* Task instructions
Only the stretch below from the line holding "Answer the question" through the line holding "What can be" should be restated, word for word and with both ends included; pictures stay out.

(Data excerpts)
----------
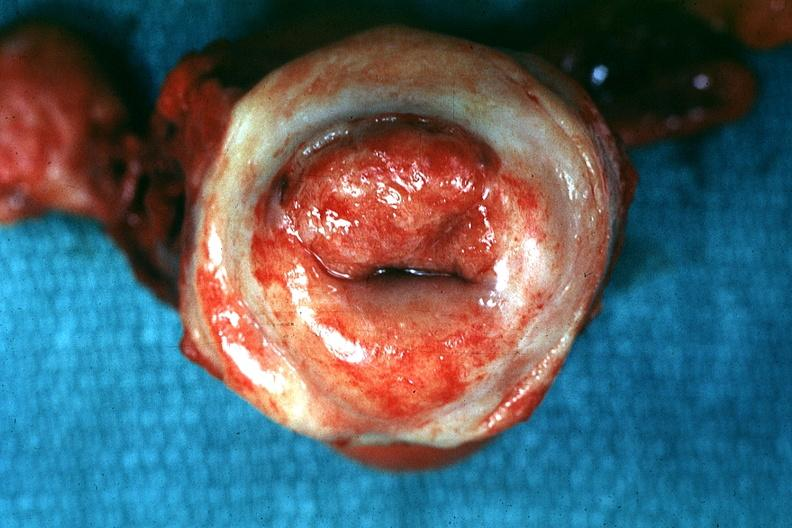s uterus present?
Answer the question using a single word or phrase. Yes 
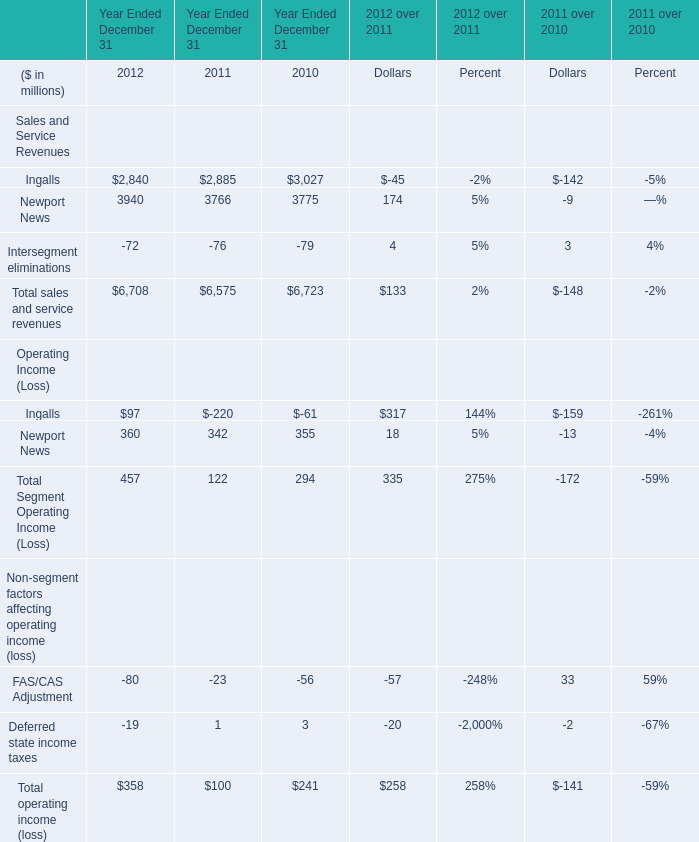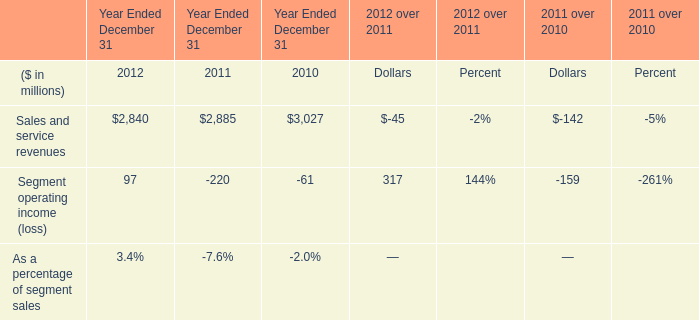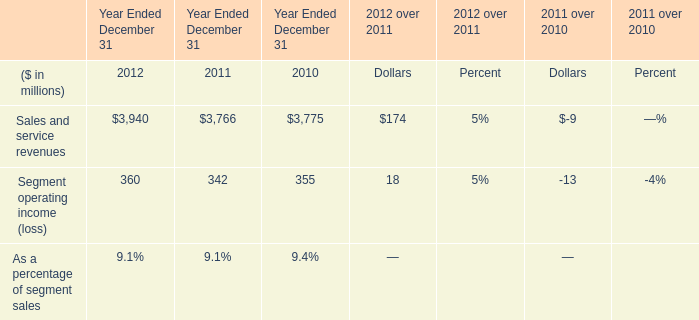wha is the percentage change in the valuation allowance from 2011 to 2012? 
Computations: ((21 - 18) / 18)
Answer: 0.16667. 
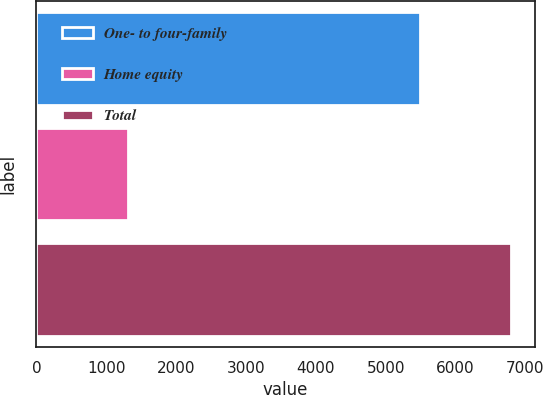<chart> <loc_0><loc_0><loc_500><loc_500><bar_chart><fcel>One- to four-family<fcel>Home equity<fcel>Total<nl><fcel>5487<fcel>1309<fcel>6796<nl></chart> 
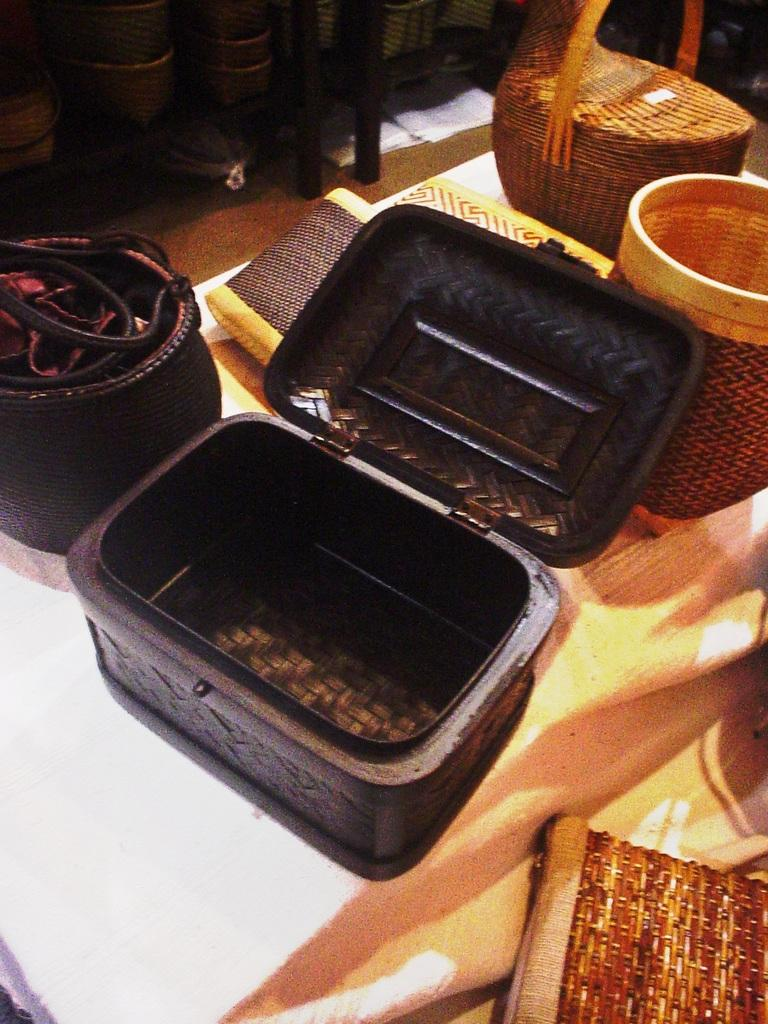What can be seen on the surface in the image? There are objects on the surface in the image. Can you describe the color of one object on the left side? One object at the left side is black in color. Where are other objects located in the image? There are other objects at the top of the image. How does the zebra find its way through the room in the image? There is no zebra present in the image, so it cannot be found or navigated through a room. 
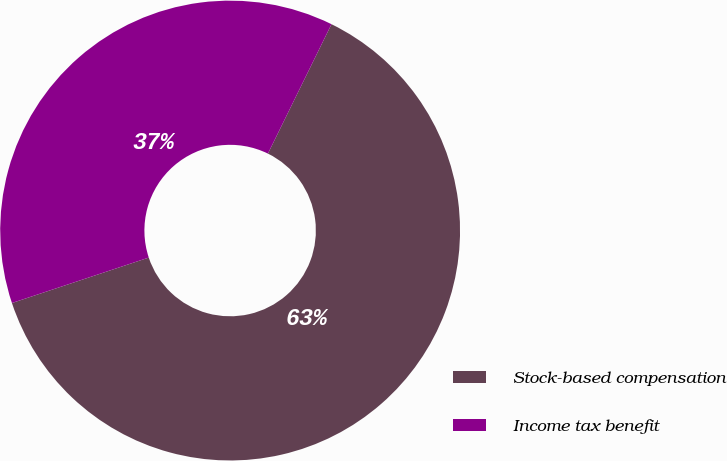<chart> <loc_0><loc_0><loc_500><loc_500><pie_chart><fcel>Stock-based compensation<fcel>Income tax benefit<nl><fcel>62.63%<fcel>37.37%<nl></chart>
----------
* Completed task
Answer the question using a single word or phrase. Yes 
wha is the percentage change in the valuation allowance from 2011 to 2012? 
Computations: ((21 - 18) / 18)
Answer: 0.16667. 
<chart> <loc_0><loc_0><loc_500><loc_500><bar_chart><fcel>One- to four-family<fcel>Home equity<fcel>Total<nl><fcel>5487<fcel>1309<fcel>6796<nl></chart> 
What can be seen on the surface in the image? There are objects on the surface in the image. Can you describe the color of one object on the left side? One object at the left side is black in color. Where are other objects located in the image? There are other objects at the top of the image. How does the zebra find its way through the room in the image? There is no zebra present in the image, so it cannot be found or navigated through a room. 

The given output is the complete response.